----- Source records -----
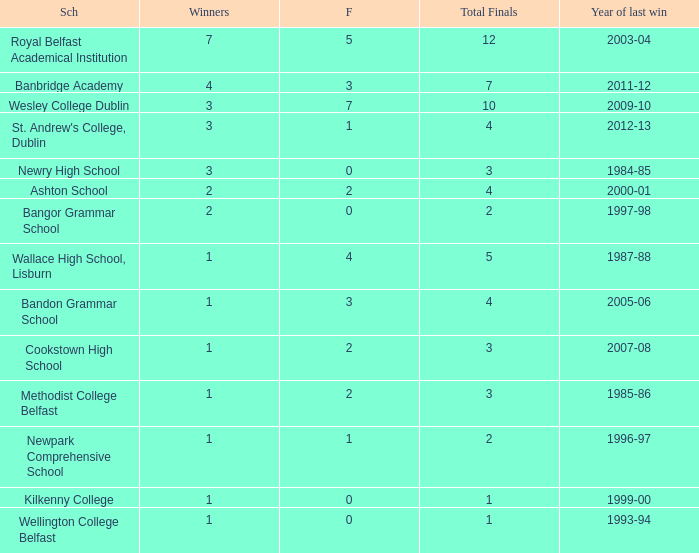How many times was banbridge academy the winner? 1.0. 
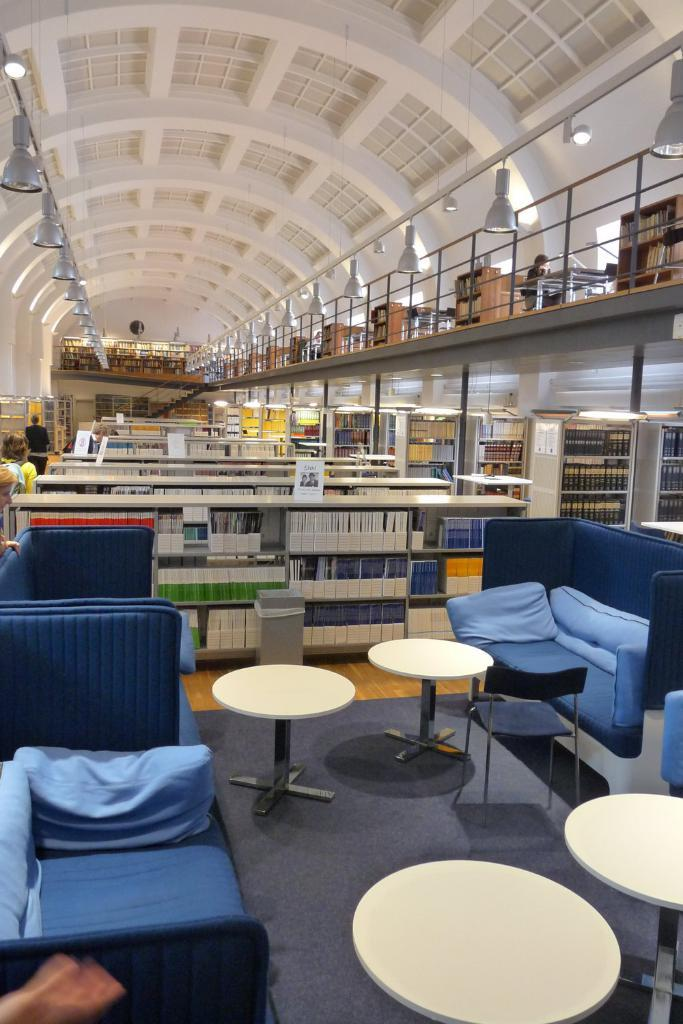What color are the sofas in the image? There are blue sofas on either side. What color are the tables in the image? There are white tables in the middle. What can be found between the sofas and tables? There are many bookshelves in front of the sofas and tables. How many buttons are on the blue sofa in the image? There are no buttons visible on the blue sofas in the image. What type of butter is being used to decorate the white tables in the image? There is no butter present in the image; the tables are white and have no visible decorations. 
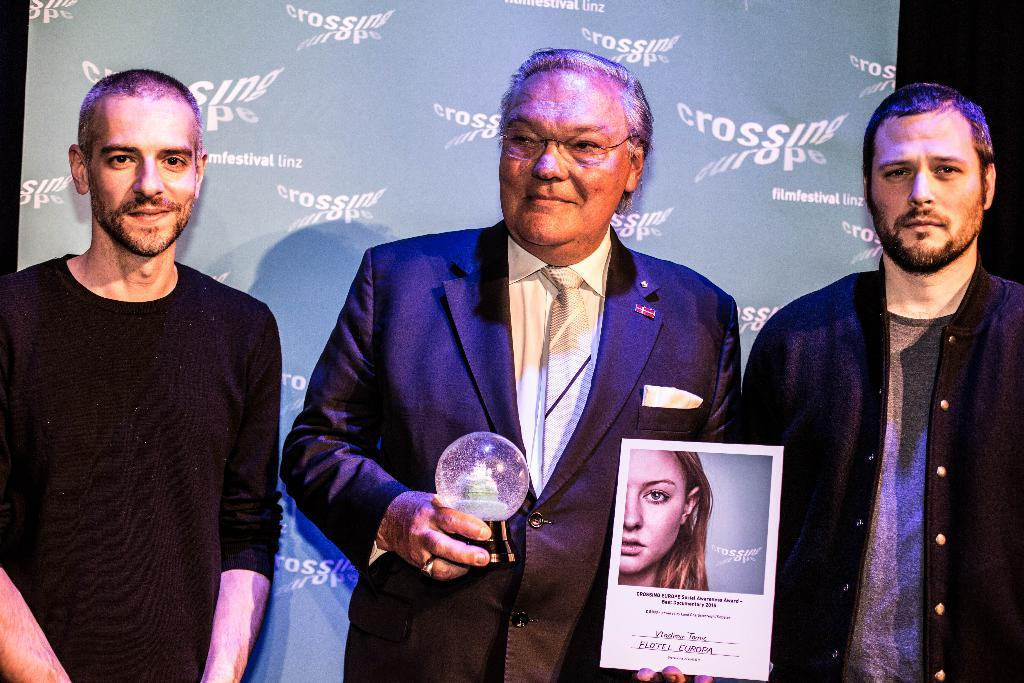How many people are in the image? There are three men in the image. What is the middle man holding in his hands? The middle man is holding a poster and an object in his hands. What can be seen behind the middle man? There is a hoarding visible behind the middle man. Can you tell me how many horses are present in the image? There are no horses present in the image. What type of stocking is the man wearing on his left leg? There is no information about any stockings or legs in the image. 
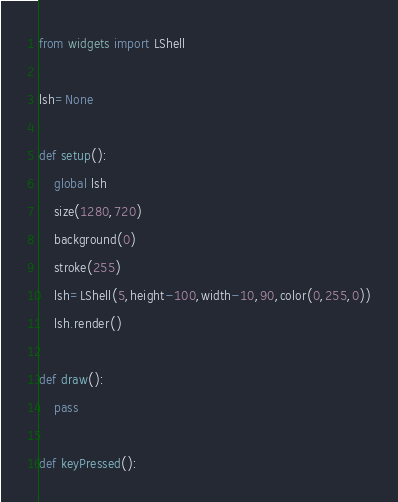Convert code to text. <code><loc_0><loc_0><loc_500><loc_500><_Python_>from widgets import LShell

lsh=None

def setup():
    global lsh
    size(1280,720)
    background(0)
    stroke(255)
    lsh=LShell(5,height-100,width-10,90,color(0,255,0))
    lsh.render()
    
def draw():
    pass

def keyPressed():</code> 
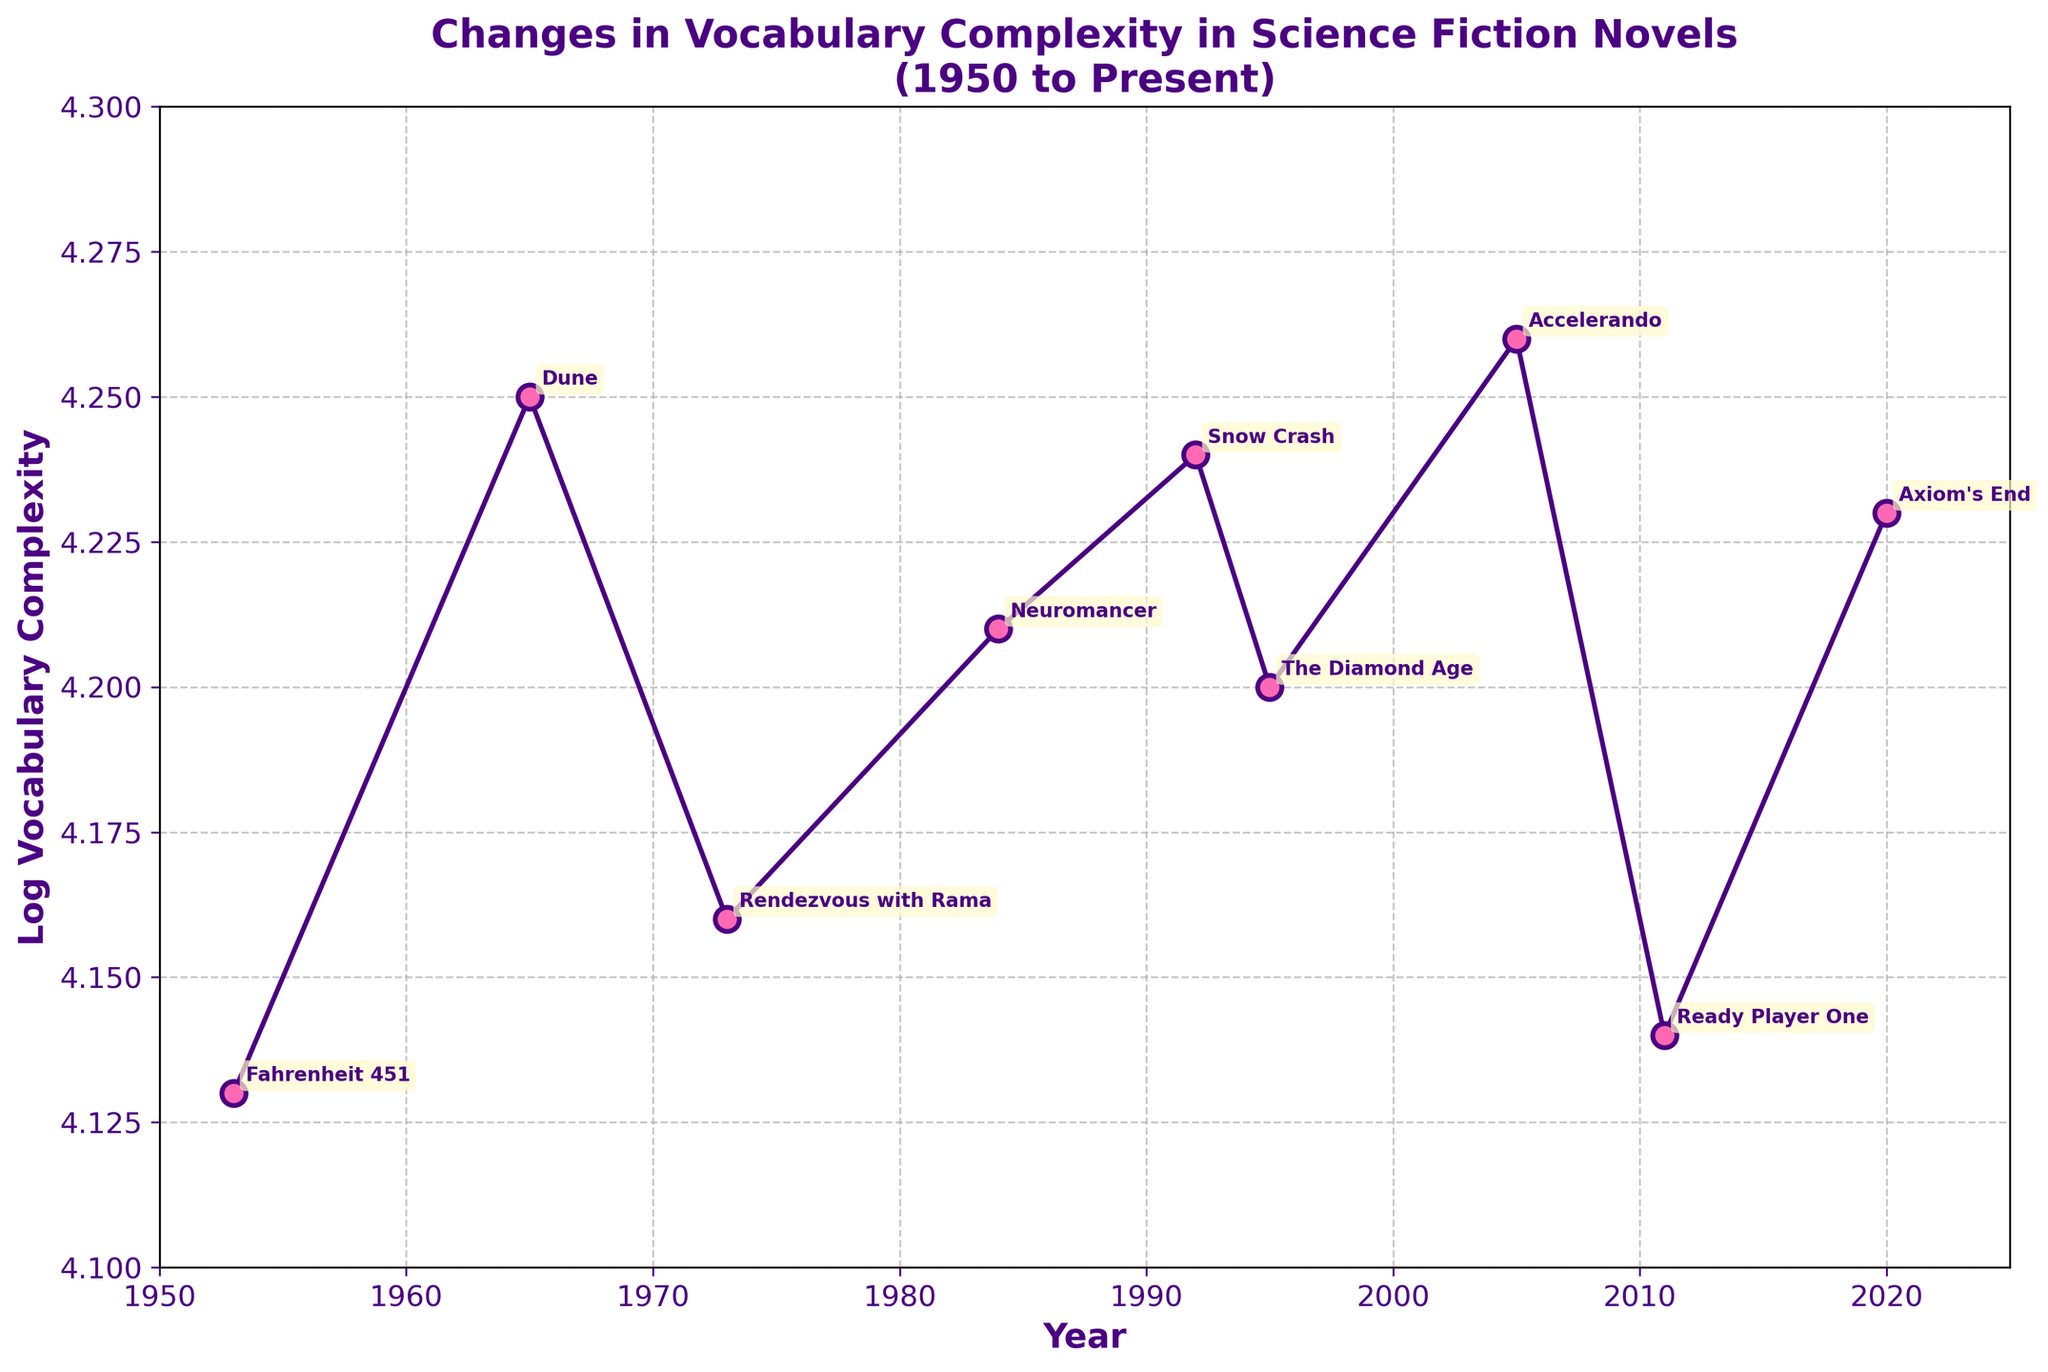What is the title of the plot? The title of the plot is displayed at the top of the figure. It reads "Changes in Vocabulary Complexity in Science Fiction Novels (1950 to Present)."
Answer: Changes in Vocabulary Complexity in Science Fiction Novels (1950 to Present) What is the range of the y-axis? The y-axis represents Log Vocabulary Complexity, ranging from about 4.1 to 4.3. This is observed by looking at the minimum and maximum values marked on the axis.
Answer: 4.1 to 4.3 How many novels are plotted on the figure? Each data point on the figure corresponds to a novel, and we can count the number of points along the line. There are 9 data points.
Answer: 9 Which novel has the highest vocabulary complexity? To identify this, look for the highest y-value on the plot. The highest point corresponds to the novel "Accelerando" by Charles Stross in 2005.
Answer: Accelerando What is the average Log Vocabulary Complexity of the novels from 2000 onwards? To find this, examine the log vocabulary complexity values for the novels from 2000 onwards: Accelerando (4.26), Ready Player One (4.14), and Axiom's End (4.23). Calculate the average: (4.26 + 4.14 + 4.23) / 3 ≈ 4.21.
Answer: ≈ 4.21 Which author has more novels plotted, Neal Stephenson or Frank Herbert? Neal Stephenson has two novels, while Frank Herbert has only one. This is directly observed from the annotations in the plot indicating the authors.
Answer: Neal Stephenson Did vocabulary complexity increase or decrease from 1953 to 2020? To evaluate this, compare the log vocabulary complexity values for 1953 ("Fahrenheit 451" - 4.13) and 2020 ("Axiom's End" - 4.23). The complexity increased.
Answer: Increased What is the difference in Log Vocabulary Complexity between "Dune" (1965) and "Snow Crash" (1992)? Determine the values from the plot: Dune (4.25) and Snow Crash (4.24). The difference is 4.25 - 4.24 = 0.01.
Answer: 0.01 Which novel has the lowest vocabulary complexity, and in which year was it published? The lowest point on the plot indicates the novel with the lowest complexity: "Fahrenheit 451" in 1953.
Answer: Fahrenheit 451, 1953 
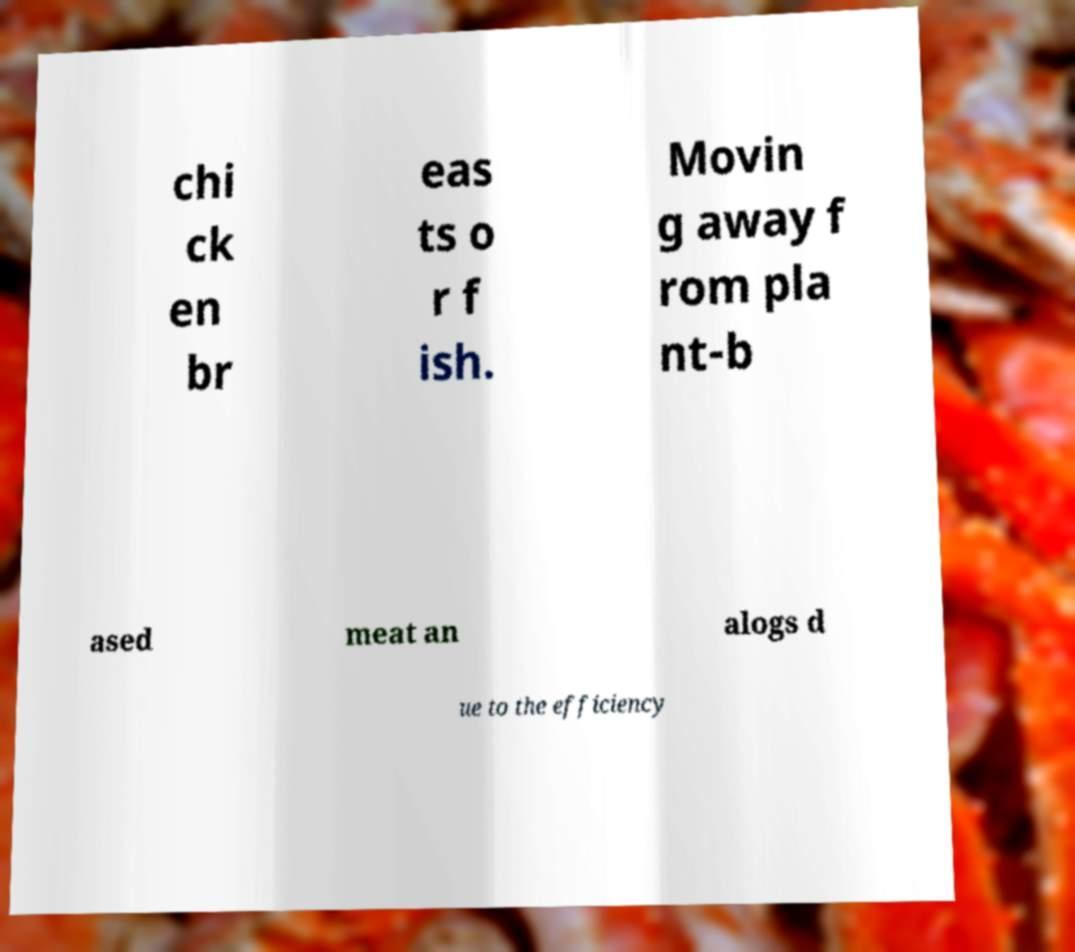Please read and relay the text visible in this image. What does it say? chi ck en br eas ts o r f ish. Movin g away f rom pla nt-b ased meat an alogs d ue to the efficiency
-----
_What the task asks_
State the number of lines in the preceding data that contain the word "corresponds", and nothing besides.

_Response to the task_
2